Here's yet one more reason why rival Hollywood studios are salivating to use the newly branded Brad Grey Wimp Factor to get a leg up on Paramount with talent. Newsweek just ensured that Paramount boss Brad Grey has no deniability in the Viacom vs Cruise cock-up. "Critics saw it as evidence that Paramount chairman Brad Grey and his boss, Tom Freston, were powerless. Redstone says that's false. 'We were all in agreement about ending Tom Cruise's production deal,' Redstone tells Newsweek. 'I have complete faith in Tom and Brad, and they are clearly running the business.' Last Friday, Grey spoke directly about the matter to Newsweek: 'Sumner is a maverick.
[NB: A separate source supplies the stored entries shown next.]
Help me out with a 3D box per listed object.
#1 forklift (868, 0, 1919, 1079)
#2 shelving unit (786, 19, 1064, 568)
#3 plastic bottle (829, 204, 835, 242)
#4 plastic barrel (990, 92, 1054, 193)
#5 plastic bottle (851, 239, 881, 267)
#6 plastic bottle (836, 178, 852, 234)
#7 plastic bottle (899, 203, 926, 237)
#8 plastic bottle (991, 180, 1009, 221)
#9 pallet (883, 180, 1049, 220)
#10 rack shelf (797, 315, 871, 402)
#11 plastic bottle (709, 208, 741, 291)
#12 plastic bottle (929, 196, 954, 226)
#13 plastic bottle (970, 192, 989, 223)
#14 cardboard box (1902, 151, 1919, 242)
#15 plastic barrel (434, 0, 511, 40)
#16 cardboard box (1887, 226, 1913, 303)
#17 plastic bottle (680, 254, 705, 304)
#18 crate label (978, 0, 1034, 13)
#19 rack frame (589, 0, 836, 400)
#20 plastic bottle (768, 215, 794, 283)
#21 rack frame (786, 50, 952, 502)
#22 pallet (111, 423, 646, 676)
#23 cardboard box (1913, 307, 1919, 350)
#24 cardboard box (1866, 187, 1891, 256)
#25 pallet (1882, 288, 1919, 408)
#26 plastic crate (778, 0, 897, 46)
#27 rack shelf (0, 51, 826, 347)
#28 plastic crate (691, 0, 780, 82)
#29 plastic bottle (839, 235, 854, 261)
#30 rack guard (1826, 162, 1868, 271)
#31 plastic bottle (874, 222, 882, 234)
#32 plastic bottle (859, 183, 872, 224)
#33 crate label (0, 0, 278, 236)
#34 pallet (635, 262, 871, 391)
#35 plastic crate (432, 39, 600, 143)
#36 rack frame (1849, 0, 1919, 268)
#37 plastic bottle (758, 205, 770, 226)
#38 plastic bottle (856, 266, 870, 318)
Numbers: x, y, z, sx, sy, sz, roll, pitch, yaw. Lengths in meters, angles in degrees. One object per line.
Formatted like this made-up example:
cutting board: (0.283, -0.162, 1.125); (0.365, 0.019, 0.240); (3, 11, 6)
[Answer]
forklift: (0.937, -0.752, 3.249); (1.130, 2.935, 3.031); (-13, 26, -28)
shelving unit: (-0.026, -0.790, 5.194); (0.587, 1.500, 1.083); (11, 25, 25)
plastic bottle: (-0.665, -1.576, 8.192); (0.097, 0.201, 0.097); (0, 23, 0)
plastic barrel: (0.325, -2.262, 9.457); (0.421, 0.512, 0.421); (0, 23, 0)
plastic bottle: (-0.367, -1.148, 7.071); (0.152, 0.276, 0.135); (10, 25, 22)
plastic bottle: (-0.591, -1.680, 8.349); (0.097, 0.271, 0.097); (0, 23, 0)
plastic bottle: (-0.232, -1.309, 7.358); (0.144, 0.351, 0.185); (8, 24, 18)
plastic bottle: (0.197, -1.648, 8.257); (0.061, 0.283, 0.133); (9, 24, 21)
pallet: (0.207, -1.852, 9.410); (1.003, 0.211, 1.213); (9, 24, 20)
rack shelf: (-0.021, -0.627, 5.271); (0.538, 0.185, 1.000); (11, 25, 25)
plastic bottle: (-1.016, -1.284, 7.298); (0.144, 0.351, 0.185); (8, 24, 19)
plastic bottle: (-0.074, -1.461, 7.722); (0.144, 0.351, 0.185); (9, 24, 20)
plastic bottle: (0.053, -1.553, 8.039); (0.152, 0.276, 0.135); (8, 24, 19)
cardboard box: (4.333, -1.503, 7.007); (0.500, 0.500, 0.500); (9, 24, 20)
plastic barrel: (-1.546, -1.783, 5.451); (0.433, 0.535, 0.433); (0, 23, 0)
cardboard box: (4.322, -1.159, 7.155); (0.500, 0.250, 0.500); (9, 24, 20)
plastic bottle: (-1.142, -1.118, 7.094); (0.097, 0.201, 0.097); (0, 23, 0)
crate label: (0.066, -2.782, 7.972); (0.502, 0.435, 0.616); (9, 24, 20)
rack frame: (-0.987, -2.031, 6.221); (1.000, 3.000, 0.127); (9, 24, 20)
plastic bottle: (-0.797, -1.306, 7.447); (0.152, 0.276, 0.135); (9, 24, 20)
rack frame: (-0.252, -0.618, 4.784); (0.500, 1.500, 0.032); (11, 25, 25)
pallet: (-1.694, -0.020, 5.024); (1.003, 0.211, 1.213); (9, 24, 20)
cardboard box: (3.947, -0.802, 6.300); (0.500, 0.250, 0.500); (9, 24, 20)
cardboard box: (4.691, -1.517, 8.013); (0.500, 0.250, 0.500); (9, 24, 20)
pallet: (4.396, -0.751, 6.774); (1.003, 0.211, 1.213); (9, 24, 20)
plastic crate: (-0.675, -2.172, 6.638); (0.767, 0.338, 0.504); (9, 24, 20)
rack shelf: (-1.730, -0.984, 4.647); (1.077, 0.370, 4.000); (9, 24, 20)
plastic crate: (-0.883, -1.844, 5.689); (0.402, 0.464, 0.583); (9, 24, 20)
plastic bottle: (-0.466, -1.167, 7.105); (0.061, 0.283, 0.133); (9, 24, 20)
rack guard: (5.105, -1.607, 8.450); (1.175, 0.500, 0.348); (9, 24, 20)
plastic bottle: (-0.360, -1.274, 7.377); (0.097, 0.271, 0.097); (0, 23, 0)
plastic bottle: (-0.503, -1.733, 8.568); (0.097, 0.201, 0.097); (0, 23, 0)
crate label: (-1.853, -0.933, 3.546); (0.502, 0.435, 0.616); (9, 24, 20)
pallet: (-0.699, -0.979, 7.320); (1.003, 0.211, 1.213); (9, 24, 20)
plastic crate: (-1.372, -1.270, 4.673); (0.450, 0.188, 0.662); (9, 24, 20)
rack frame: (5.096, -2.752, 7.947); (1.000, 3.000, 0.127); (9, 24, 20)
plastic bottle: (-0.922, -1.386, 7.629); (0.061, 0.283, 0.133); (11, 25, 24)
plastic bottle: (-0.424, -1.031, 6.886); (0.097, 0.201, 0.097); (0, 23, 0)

He said what he felt, and that's his prerogative. He certainly didn't ask my permission, and I'm certain, knowing Sumner as I do, that he felt no obligation to. He built the place." What I find most disturbing here is that Grey is so pussy-whipped that he couldn't even get permission from Redstone to at least disagree about a public diss of a star who's made $3 billion in box office gross for the studio. At best, Grey offered this weak kiss-ass. "I still admire Tom Cruise," Brad told Newsweek. "He's a huge movie star, and a great actor, and I'm sure we'll work together in the future.'" So let's analyze: Sumner says everyone agreed to dump Cruise's production deal, including Brad; but Brad implies Sumner did it on his own. Talk about trying to play both sides against the middle, eh? And now Brad supposedly wants to work with Tiny Tom again? Grey even told Time that he "wouldn't rule anything out" about a Mission Impossible 4. To which Cruise's producing partner Paula Wagner laughingly told Newsweek, "If it's the right script, why not? We created that franchise." Hmm, this smacks of a Paramount peace offering in the form of a big fat commission to CAA. Note to Brad Grey: Next time you're being bitch-slapped, don't wait to give your side (as lame as it is) to the newsweeklies. That's so dial-up.
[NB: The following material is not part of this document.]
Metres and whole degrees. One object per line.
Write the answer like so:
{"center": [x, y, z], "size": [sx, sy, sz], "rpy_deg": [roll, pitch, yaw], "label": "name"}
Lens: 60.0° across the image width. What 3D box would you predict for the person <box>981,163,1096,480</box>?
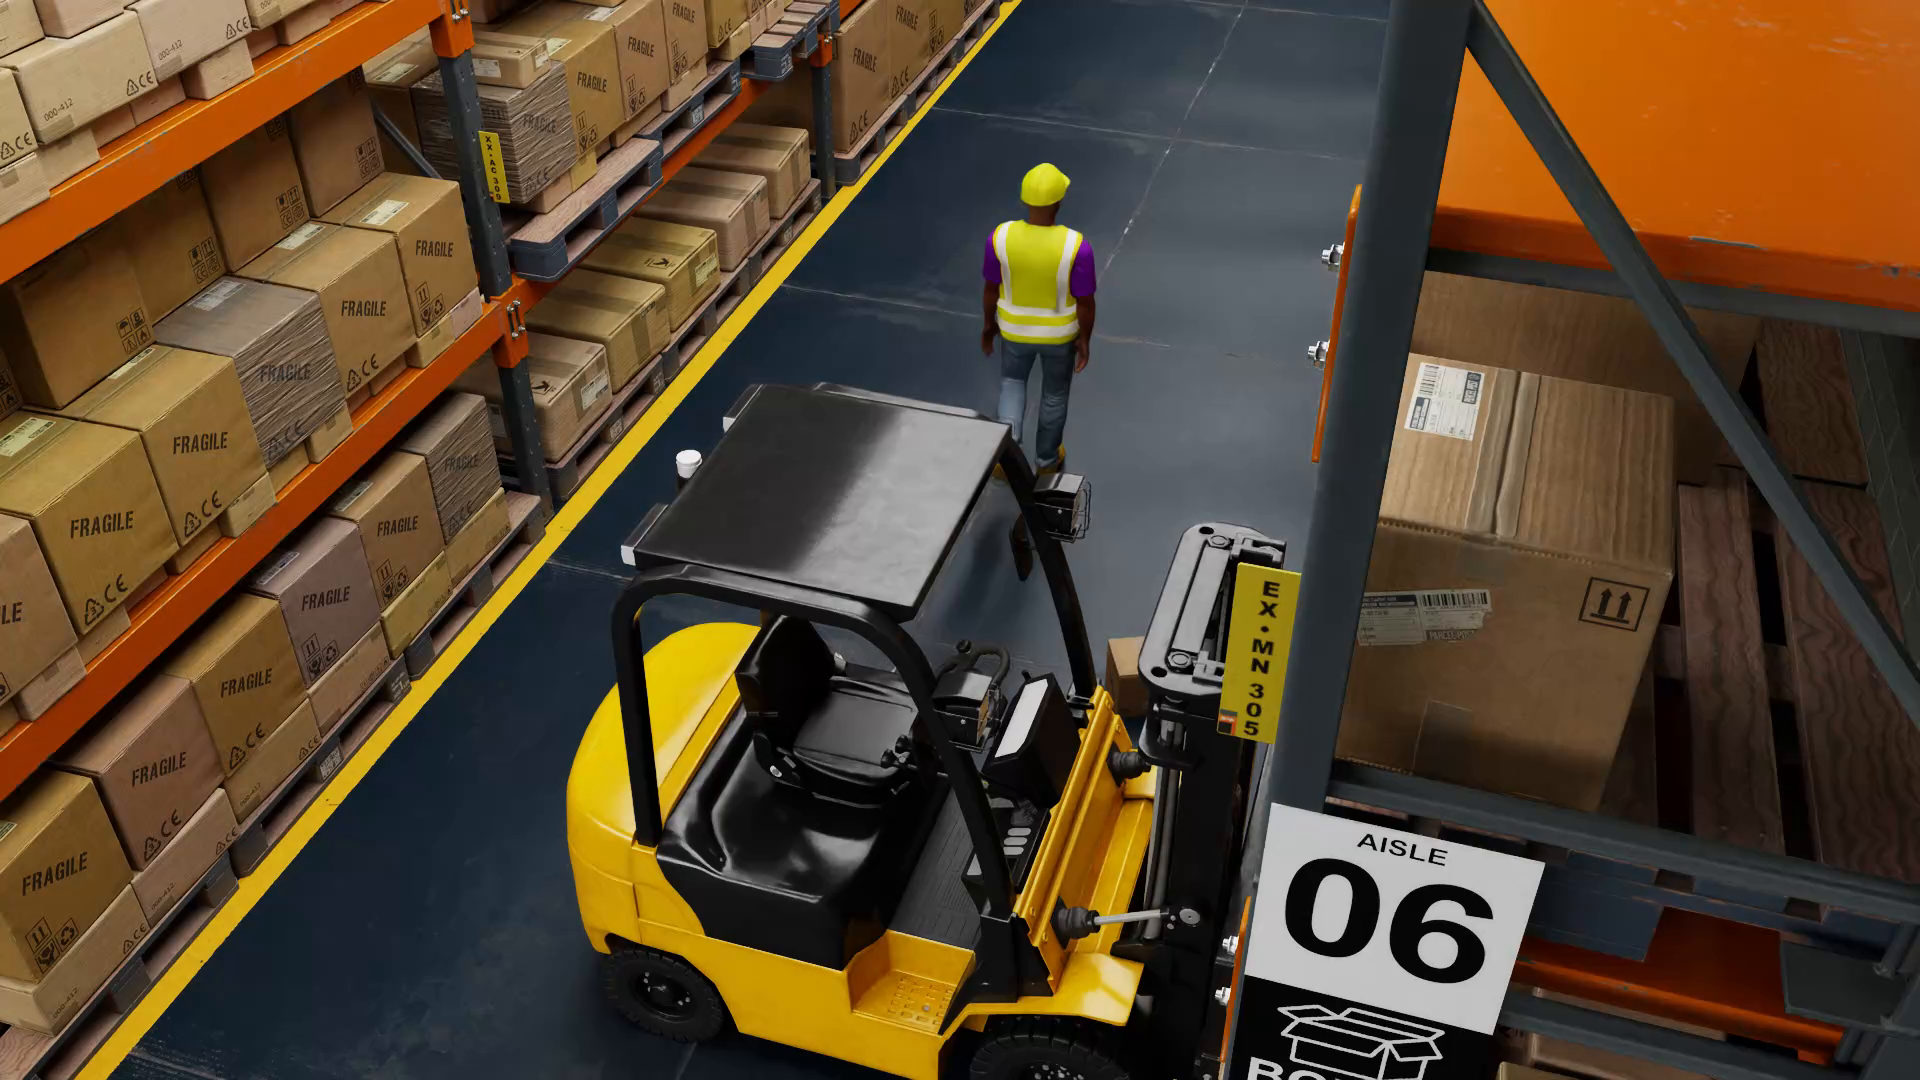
{"center": [0.380, -1.033, 8.216], "size": [0.578, 1.752, 0.611], "rpy_deg": [8, 37, 10], "label": "person"}

All of Hollywood had their eyes on the box office of popular hip hop group Outkast's Idlewild from Universal this weekend since, historically, musicians who try to crossover into film rarely have luck although rap and hip hop artists have had a better time of it than most. (Eminem's 8 Mile...) Playing in just 973 theaters, the Universal movie did $2.1 mil Friday and $2.2 mil Saturday which puts its weekend opening total at $5.9 mil. I, for one, wish Outkast had done something more contemporary than this tired Harlem Nights retread (and that movie killed Eddie Murphy's film career, for awhile). But its per-screen average was a jazzy $6,055 despite mixed reviews. Meanwhile, MSNBC.com provides some compelling yes-and-no answers to the eternally asked question, Is Outkast breaking up? (Please, god, no. I love these guys...)
Argument: OutKast is over... The Idlewild soundtrack stinks! The movie stinks too! It’s a rap musical set in the 30s — that’s just stupid (some say). Andre "3000" Patton’s tough-guy speakeasy owner and Antwan "Big Boi" Benjamin’s tortured piano player are two-dimensional, and neither has the acting chops to make up for it. Director Bryan Barber comes from music videos, and his nausea-inducing jump cuts make it show. Plus, all the female characters are either harpies or hos. André only wants to sing and be weird. They haven’t really worked together for six years. All their outside interests keep them from the hip-hop. Benjamin is developing a clothing line and working on a Cartoon Network series. This fall, Patton releases his second solo record on his own label, Purple Ribbon. Both are pursing acting careers. (Besides “Idlewild,” Benjamin’s been in Four Brothers and Be Cool and Patton got great reviews in ATL.) High school couples never stay together. Ask Dr. Phil
Argument: OutKast is forever... The Idlewild soundtrack is misunderstood. The movie has a lot going for it. OutKast is, was, and will always be about experimentation. Big Boi and former presidential candidate Wesley Clark agree. (In a 2003 campaign ad, Clark tells some young constituents, “I don’t care what the other candidates say, I don’t think OutKast is really breaking up.” And in a recent AP interview, Patton confirmed it. “All them haters would love for us to break up … sorry haters!”) It’s good for couples to have outside interests. Ask Dr. Phil.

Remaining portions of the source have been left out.